> _Your goal_
Go to the line containing "Item 6: Reachability" in the listing below. Output that line and each later one exactly.

> _Exercise data_
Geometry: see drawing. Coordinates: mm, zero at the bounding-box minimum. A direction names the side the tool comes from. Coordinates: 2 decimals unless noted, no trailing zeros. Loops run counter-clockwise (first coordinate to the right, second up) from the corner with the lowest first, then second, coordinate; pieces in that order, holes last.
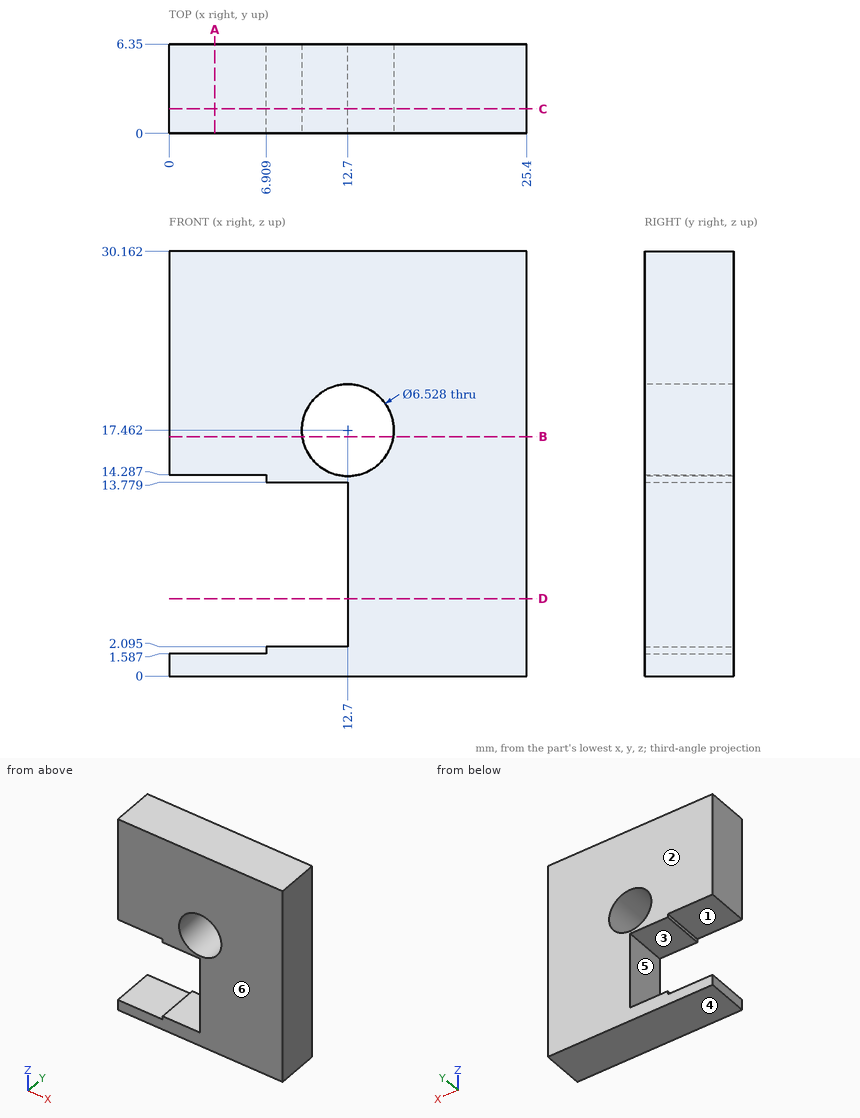
Item 1: Section query A-A (x = 3.25). Output: boundary loops of the cut face in (y, z), then the cut area to 3 significant figures.
Result:
outline: (0, 0) - (6.35, 0) - (6.35, 1.59) - (0, 1.59) - close; (0, 14.29) - (6.35, 14.29) - (6.35, 30.16) - (0, 30.16) - close
area: 111 mm2
Item 2: Section query B-B (z = 17). Output: boundary loops of the cut face in (x, y).
Result:
outline: (0, 0) - (9.47, 0) - (9.47, 6.35) - (0, 6.35) - close; (15.93, 0) - (25.4, 0) - (25.4, 6.35) - (15.93, 6.35) - close
Item 3: Section query D-D (z = 5.5). Output: boundary loops of the cut face in (x, y).
Result:
outline: (12.7, 0) - (25.4, 0) - (25.4, 6.35) - (12.7, 6.35) - close
Item 4: Mould query, pull axis Z, two halves, no side actions, for the marked faces 1, 2, 3 and 4. Classes: +Z half, -Z half, draft (parallel to the pull), parting line (faces both ways), or undercut.
Result:
face 1: undercut
face 2: draft
face 3: undercut
face 4: -Z half
Item 5: Line query: L1, parallel to Z at x = 3, y = 4.75; L2, parallel to Z at x = 11.5, y = 3.5 (1 decimal); L3, parallel to Z at x = 12.75, y = 6 (1 decimal). Output: solid intervals per line, ascending.
Result:
L1: z = 0 to 1.59, 14.29 to 30.16
L2: z = 0 to 2.1, 13.8 to 14.4, 20.5 to 30.2
L3: z = 0 to 14.2, 20.7 to 30.2
Item 6: Reachability of the marked faces 5 and 6 from +Z, -Z, +X, -X, +Y, -Y: full face, straight path, thin tool, end or side. Return the list, or none.
Result:
face 5: -X, +Y, -Y
face 6: +Z, -Z, +X, -X, -Y
Item 7: Contact query for flat-ended pins moving along their axis: P1, Ø2, axis at y = 2.5, z = 15, coming from the -X side; P2, Ø1.5, axis at y = 5.5, z = 11, coming from the -X side. Output: stop coordinate, or through.
Result:
P1: stops at x = 0
P2: stops at x = 12.7
Item 8: Section query C-C (y = 1.75). Output: boundary loops of the cut face in (x, z) (1 decimal), then the cut area to 3 significant figures.
Result:
outline: (0, 0) - (25.4, 0) - (25.4, 30.2) - (0, 30.2) - (0, 14.3) - (6.9, 14.3) - (6.9, 13.8) - (12.7, 13.8) - (12.7, 2.1) - (6.9, 2.1) - (6.9, 1.6) - (0, 1.6) - close; hole circle Ø6.5 at (12.7, 17.5)
area: 577 mm2

> _Result for this task_
Item 6: Reachability of the marked faces 5 and 6 from +Z, -Z, +X, -X, +Y, -Y: full face, straight path, thin tool, end or side. Return the list, or none.
Result:
face 5: -X, +Y, -Y
face 6: +Z, -Z, +X, -X, -Y
Item 7: Contact query for flat-ended pins moving along their axis: P1, Ø2, axis at y = 2.5, z = 15, coming from the -X side; P2, Ø1.5, axis at y = 5.5, z = 11, coming from the -X side. Output: stop coordinate, or through.
Result:
P1: stops at x = 0
P2: stops at x = 12.7
Item 8: Section query C-C (y = 1.75). Output: boundary loops of the cut face in (x, z) (1 decimal), then the cut area to 3 significant figures.
Result:
outline: (0, 0) - (25.4, 0) - (25.4, 30.2) - (0, 30.2) - (0, 14.3) - (6.9, 14.3) - (6.9, 13.8) - (12.7, 13.8) - (12.7, 2.1) - (6.9, 2.1) - (6.9, 1.6) - (0, 1.6) - close; hole circle Ø6.5 at (12.7, 17.5)
area: 577 mm2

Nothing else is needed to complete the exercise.